JAMBIPRIMA.COM,. JAMBI – Masyarakat Kota Jambi diminta meningkatkan kewaspadaan menyusul memburuknya kualitas udara akibat meningkatnya aktivitas kebakaran hutan dan lahan (karhutla) di Provinsi Jambi.

Data BMKG mencatat sebanyak 273 titik panas (hotspot) terdeteksi di sejumlah wilayah Jambi, di antaranya Muaro Jambi, Batanghari, Tebo, Bungo, Merangin, Kerinci, Tanjung Jabung Barat, dan Tanjung Jabung Timur.

Kondisi tersebut berdampak terhadap kualitas udara di Kota Jambi. Berdasarkan pemantauan real time pada Minggu (23/8/2026) sekitar pukul 12.00 WIB, Kota Jambi berada di peringkat ketiga kota dengan AQI+ US tertinggi di Indonesia, dengan nilai 166.

Kualitas udara tersebut masuk kategori tidak sehat, dengan polutan utama PM2.5 mencapai 77,2 µg/m³. Jambi berada di bawah Palembang dengan AQI 284 dan Pontianak 217.

Kepala Dinas Lingkungan Hidup (DLH) Kota Jambi, Mahruzar, membenarkan kondisi tersebut. Ia mengatakan, berdasarkan parameter Indeks Standar Pencemar Udara (ISPU), kualitas udara Jambi juga mengalami peningkatan pencemaran.

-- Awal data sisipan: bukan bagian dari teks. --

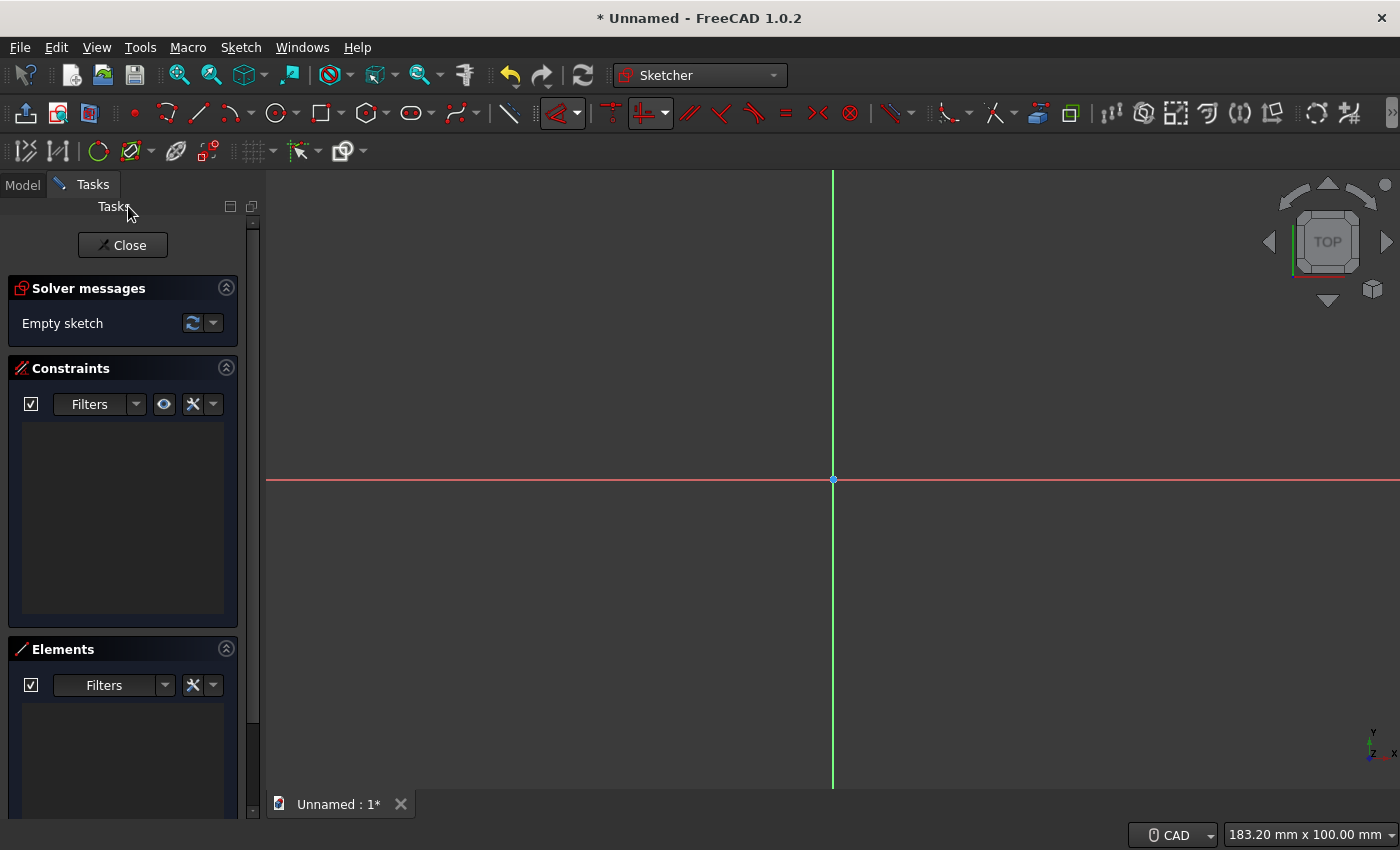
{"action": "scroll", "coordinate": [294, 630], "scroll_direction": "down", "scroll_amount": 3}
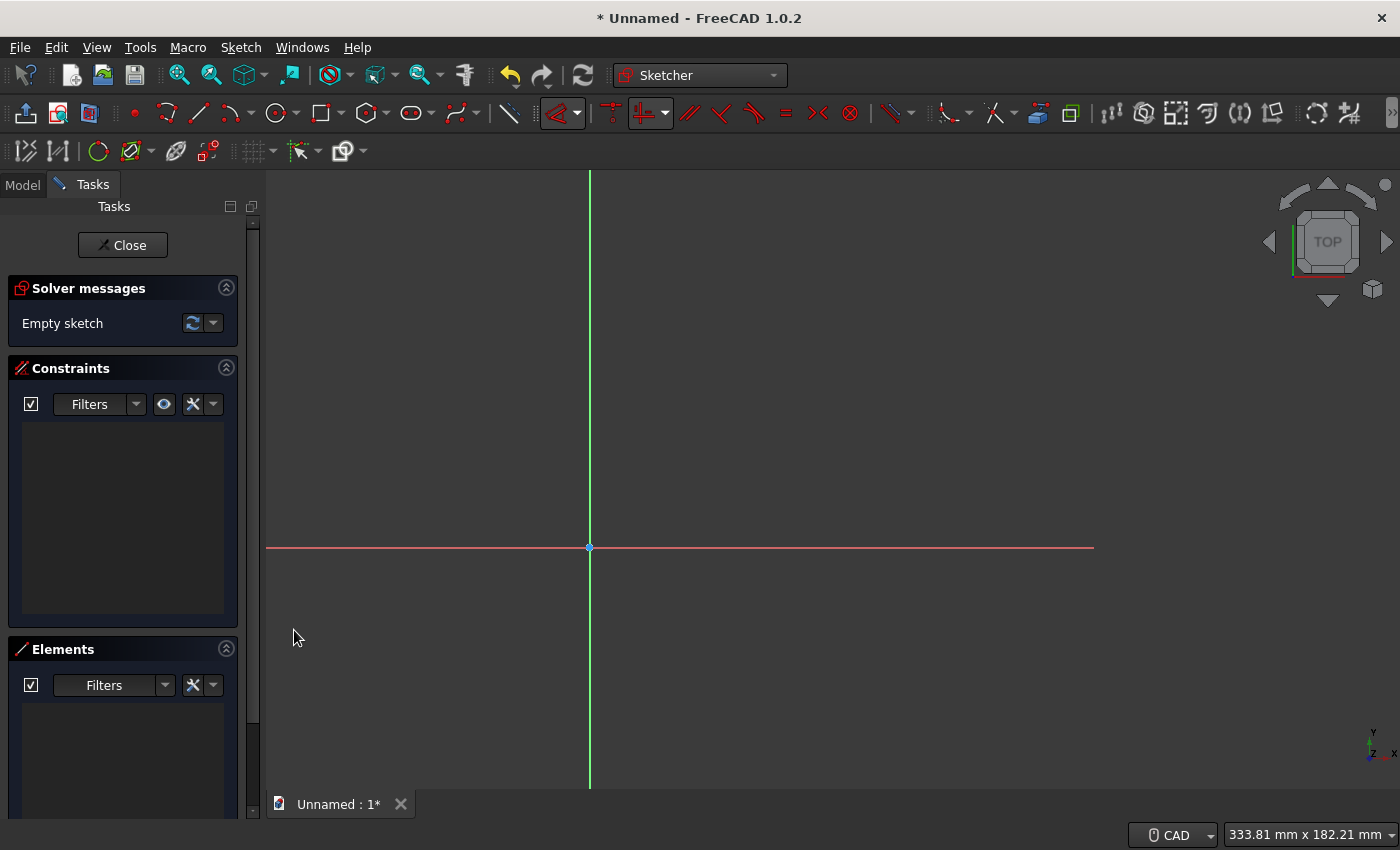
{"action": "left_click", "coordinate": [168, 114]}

"Pada pukul 11.00 WIB, ISPU Kota Jambi masih 89 atau kategori sedang. Sekitar pukul 12.00 WIB meningkat menjadi 101, dengan parameter kritis PM2.5 dan masuk kategori tidak sehat," kata Mahruzar, Minggu (23/8/2026).

Mahruzar mengimbau masyarakat yang rentan atau sensitif terhadap gangguan pernapasan untuk menggunakan masker dan mengurangi aktivitas di luar ruangan.

DLH Kota Jambi juga terus memantau kualitas udara serta berkoordinasi dengan BPBD Kota Jambi untuk membahas penanganan kabut asap.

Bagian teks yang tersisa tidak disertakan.